’cause down the shore everything’s all right
you and your baby on a saturday night
nothing matters in this whole wide world
when you’re in love with a jersey girl…
- tom waits, or more famously, bruce springsteen
on sunday night, the man and i decamped to the sports arena park of brotherly battery tosses, AKA citizens bank park, to see another bruce show. we do this, he and i. well, he’s done it about six times more often than i have, but now when we do it, we do it together. ANYWAY, the show was amazing as always, and it was nice to see another ball park (and with apologies to the phillies-fan-wedded jessica, especially nice not to have to watch the phillies). the philly crowds are really, really, REALLY into bruce in a way i haven’t seen before, and he digs them right back. and he, naturally, played us “jersey girl.” i’d never heard him do that one live, so that was awesome.

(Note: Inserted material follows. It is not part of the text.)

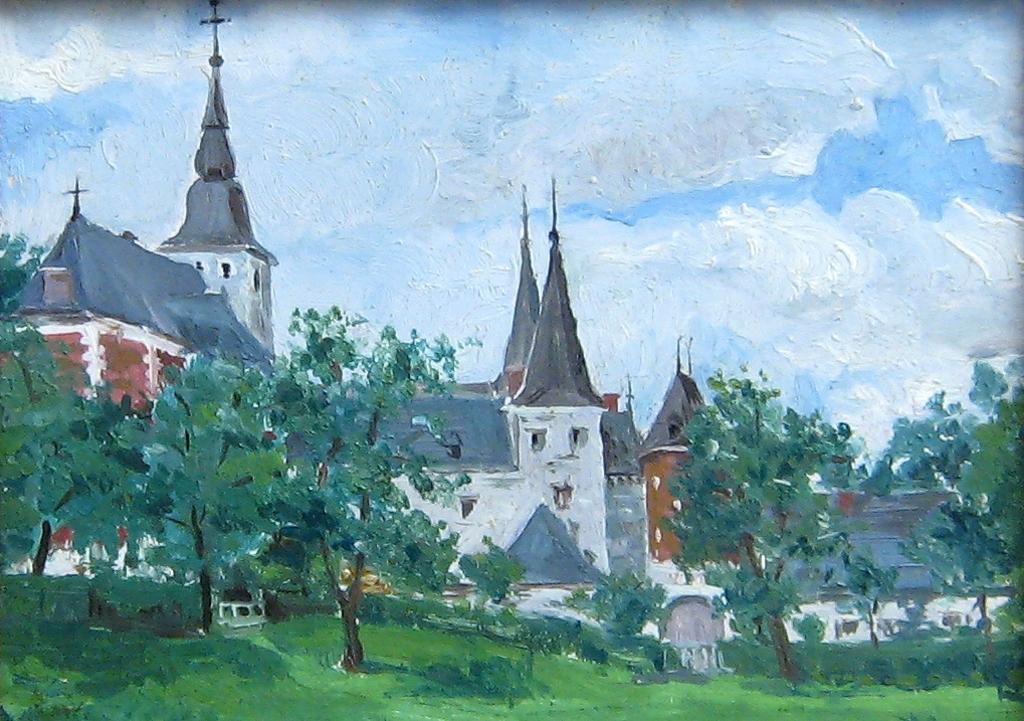Please provide a concise description of this image. This image consists of a painting. In the middle there are houses, trees, grass, sky and clouds.

and as they sang sha la la, la la la la, i felt this weird sense of HOME NOW ring through me. this happens sometimes when i’m in or near new jersey, and that always strikes me as odd. i mean, yes, i am a native of the garden state, as we’ve discussed before. my daddy lived there from age 25 through age 33, and as i have now learned, the place you live in your late 20s and early 30s is the place that really sticks in you. the last steps in your adult formation, the things that crystallizes you as who you’re going to be as an adult once you’re through trying on your identities, happen then, and the place where that happens is paramount in those indelible memories. and i can only imagine that if you have a kid somewhere, that multiplies the intensity of attachment to a place by a pretty significant factor. so new jersey means a lot to my daddy.
i do not remember living in new jersey very well. i got to alabama as a pigtailed preschooler in the summer of 1984. sometimes i try to imagine what that transition was like for my folks, but i really can’t. alabama informs all of my sentient, conscious memories of a childhood home. so when i’ve ventured back to philly, to new york city, and to jersey proper as a grown woman, it’s been strange to feel the connection. and i’ve never felt it more intensely in my life than i did standing in section 113 of citizens bank park as bruce sang about loving a jersey girl. it all sort of hit me: my daddy used to go to ball games around here. he played gigs and ate at diners. my mom looked after college kids and typed letters. they learned to make a killer sunday gravy from the old sicilian lady downstairs. [and no, that is not the link to the actual recipe; i still haven't mastered it yet, and i don't think i even have it written down anywhere.]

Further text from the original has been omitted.